[Dataset records]
((
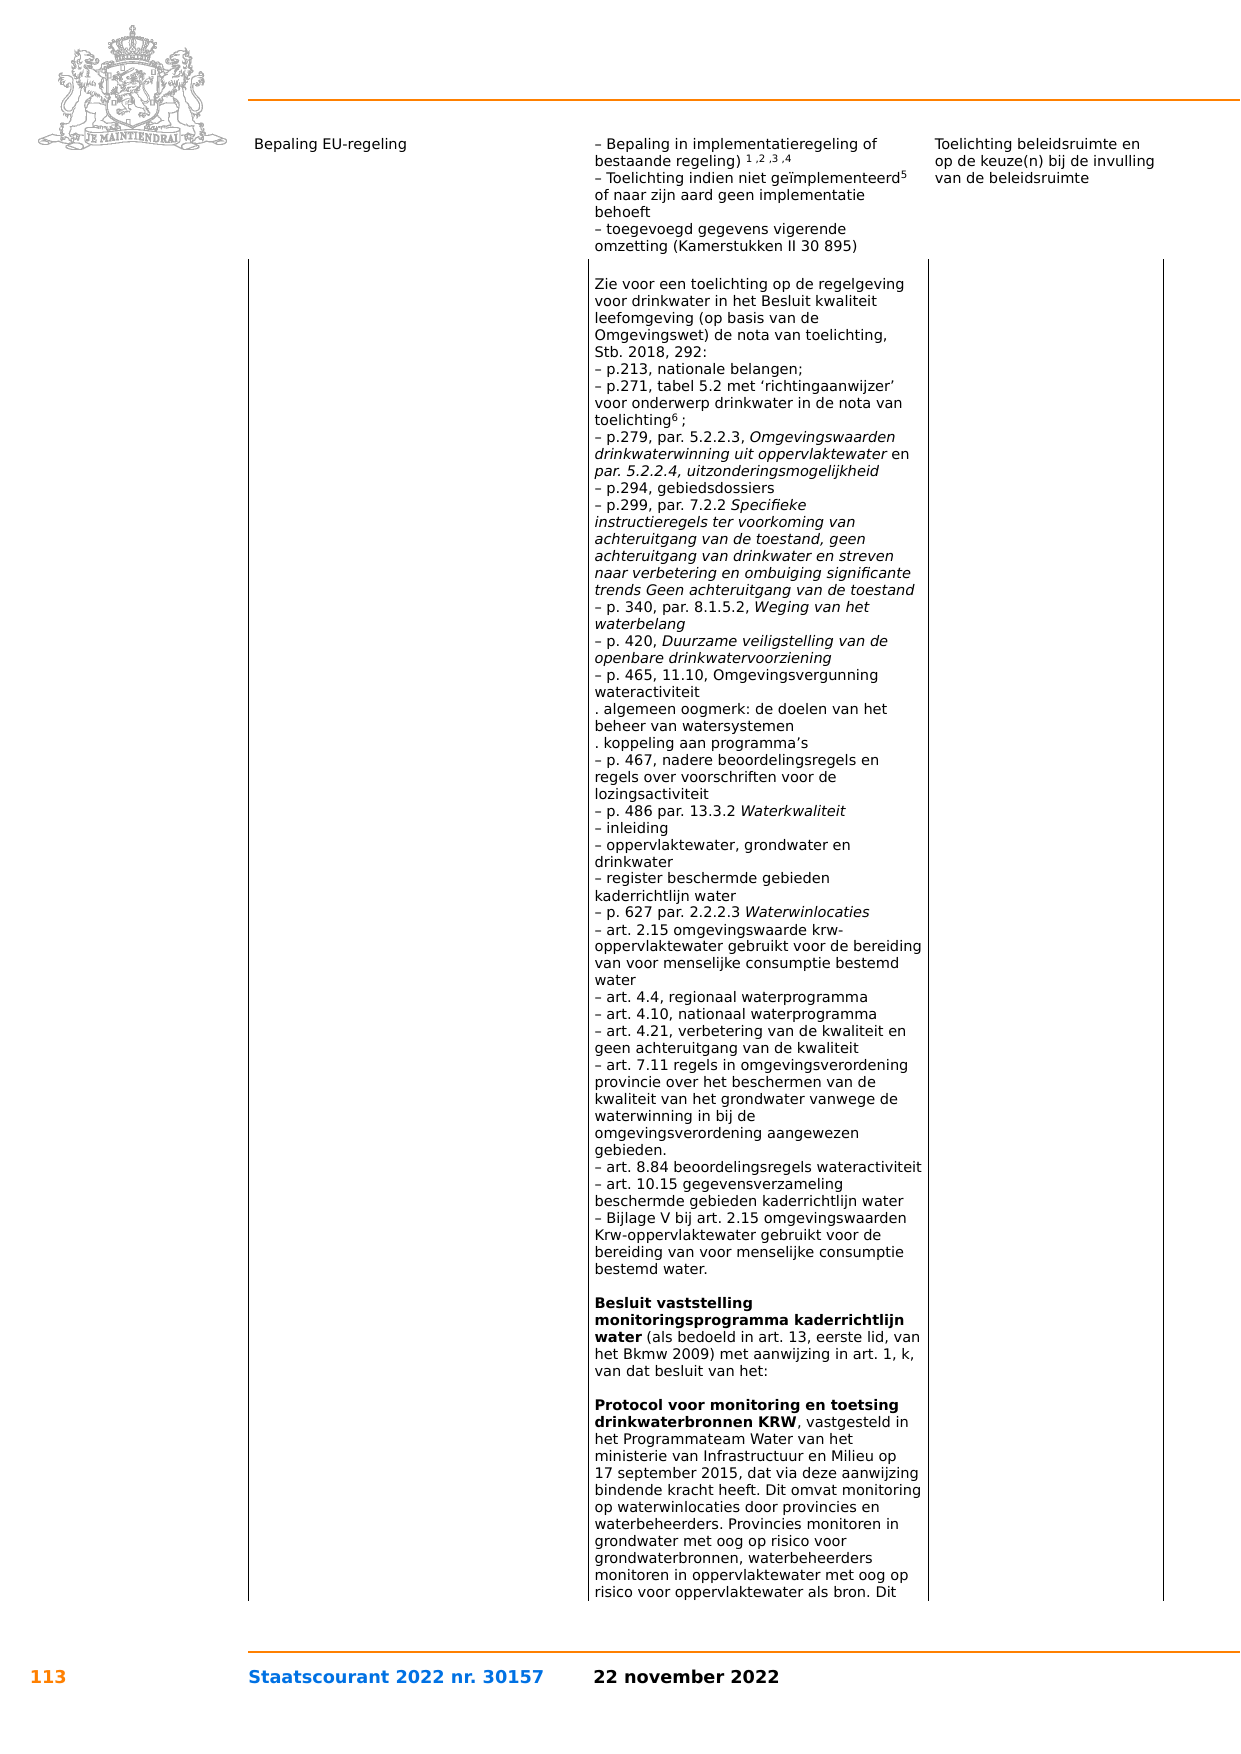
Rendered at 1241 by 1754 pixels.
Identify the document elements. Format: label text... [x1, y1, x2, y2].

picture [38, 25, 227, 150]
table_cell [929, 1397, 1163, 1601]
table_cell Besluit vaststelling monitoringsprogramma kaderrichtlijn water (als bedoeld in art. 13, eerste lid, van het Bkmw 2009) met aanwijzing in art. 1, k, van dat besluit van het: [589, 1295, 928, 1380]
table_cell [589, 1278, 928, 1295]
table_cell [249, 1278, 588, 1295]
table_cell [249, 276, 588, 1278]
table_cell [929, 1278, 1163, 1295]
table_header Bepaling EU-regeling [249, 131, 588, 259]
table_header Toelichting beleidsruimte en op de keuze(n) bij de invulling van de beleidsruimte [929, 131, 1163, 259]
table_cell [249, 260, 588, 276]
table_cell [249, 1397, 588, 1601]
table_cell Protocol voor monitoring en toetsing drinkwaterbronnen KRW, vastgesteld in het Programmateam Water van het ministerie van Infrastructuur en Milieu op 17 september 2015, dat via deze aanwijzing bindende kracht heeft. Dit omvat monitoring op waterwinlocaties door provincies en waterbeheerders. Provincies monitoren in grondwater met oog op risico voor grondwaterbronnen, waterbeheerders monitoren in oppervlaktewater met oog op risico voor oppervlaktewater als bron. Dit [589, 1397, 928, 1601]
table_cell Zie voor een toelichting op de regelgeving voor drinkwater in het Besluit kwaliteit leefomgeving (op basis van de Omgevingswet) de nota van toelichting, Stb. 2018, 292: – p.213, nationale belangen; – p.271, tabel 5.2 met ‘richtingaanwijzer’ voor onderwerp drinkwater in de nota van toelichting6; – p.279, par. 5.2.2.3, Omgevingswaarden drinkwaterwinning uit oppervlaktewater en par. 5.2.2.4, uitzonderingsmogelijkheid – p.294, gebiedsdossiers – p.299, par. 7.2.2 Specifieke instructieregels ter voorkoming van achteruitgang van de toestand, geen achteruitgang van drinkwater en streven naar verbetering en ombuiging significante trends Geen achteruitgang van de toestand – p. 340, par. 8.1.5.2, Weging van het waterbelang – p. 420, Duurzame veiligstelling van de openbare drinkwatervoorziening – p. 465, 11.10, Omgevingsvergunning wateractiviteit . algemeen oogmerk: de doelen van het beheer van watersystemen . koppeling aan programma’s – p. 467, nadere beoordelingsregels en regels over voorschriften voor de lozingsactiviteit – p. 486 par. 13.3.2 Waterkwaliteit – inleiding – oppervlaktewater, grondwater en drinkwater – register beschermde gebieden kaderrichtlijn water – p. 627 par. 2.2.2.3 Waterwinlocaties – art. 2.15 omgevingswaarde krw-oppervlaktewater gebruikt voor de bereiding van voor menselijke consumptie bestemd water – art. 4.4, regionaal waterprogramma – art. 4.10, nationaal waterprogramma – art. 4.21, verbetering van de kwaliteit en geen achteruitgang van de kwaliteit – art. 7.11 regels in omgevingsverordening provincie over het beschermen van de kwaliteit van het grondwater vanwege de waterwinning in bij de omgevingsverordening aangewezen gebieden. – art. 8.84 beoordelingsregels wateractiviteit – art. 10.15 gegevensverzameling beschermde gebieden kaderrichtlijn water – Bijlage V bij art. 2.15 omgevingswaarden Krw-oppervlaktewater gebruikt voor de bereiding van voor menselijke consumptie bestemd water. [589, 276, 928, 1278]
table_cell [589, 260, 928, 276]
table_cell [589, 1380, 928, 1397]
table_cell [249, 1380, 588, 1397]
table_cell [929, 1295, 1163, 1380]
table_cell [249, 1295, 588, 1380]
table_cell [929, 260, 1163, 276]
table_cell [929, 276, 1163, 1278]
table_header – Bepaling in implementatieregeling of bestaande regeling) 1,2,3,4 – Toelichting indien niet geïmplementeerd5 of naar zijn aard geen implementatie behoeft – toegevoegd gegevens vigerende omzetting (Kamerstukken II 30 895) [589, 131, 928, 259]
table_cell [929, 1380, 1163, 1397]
))
((
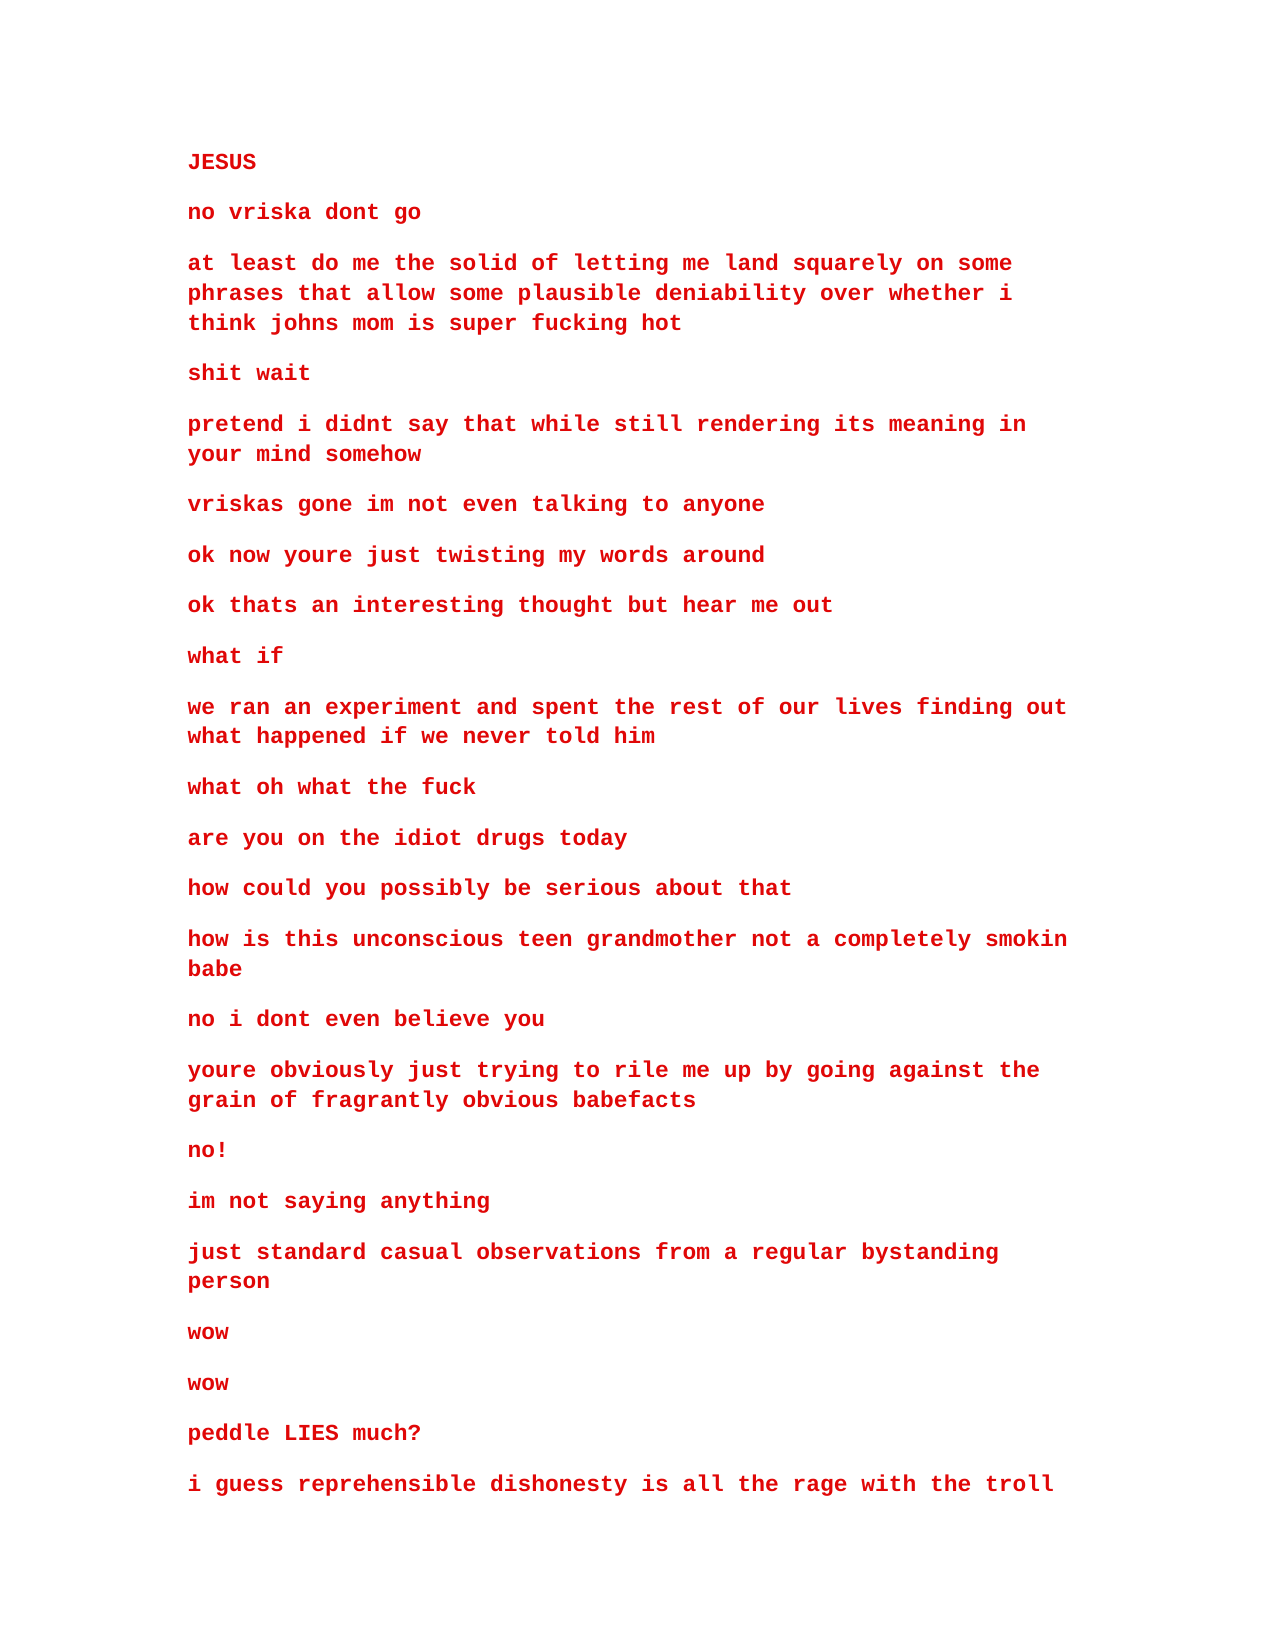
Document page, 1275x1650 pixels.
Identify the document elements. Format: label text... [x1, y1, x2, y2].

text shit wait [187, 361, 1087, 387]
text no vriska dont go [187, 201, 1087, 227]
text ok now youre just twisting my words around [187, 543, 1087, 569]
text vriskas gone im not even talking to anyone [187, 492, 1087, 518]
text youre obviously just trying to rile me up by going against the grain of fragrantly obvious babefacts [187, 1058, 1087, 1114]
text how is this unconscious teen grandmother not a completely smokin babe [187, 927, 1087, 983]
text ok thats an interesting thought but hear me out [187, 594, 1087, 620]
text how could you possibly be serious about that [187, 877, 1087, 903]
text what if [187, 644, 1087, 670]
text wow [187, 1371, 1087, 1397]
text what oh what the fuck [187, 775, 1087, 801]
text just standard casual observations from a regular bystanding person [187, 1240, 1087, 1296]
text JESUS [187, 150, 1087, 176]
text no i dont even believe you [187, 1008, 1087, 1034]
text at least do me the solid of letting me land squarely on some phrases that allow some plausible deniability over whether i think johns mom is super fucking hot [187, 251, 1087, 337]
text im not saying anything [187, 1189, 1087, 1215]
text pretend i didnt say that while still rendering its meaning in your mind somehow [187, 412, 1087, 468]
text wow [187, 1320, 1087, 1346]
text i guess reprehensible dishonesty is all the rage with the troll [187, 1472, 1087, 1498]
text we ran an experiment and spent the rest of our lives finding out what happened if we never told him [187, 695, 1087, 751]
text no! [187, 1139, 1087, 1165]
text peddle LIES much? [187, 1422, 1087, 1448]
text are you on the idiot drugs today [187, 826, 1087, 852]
))
> [TASK INSTRUCTIONS] Return every line above in which the string "dont" occurs.

> [RESULT BELOW]
text no vriska dont go [187, 201, 1087, 227]
text no i dont even believe you [187, 1008, 1087, 1034]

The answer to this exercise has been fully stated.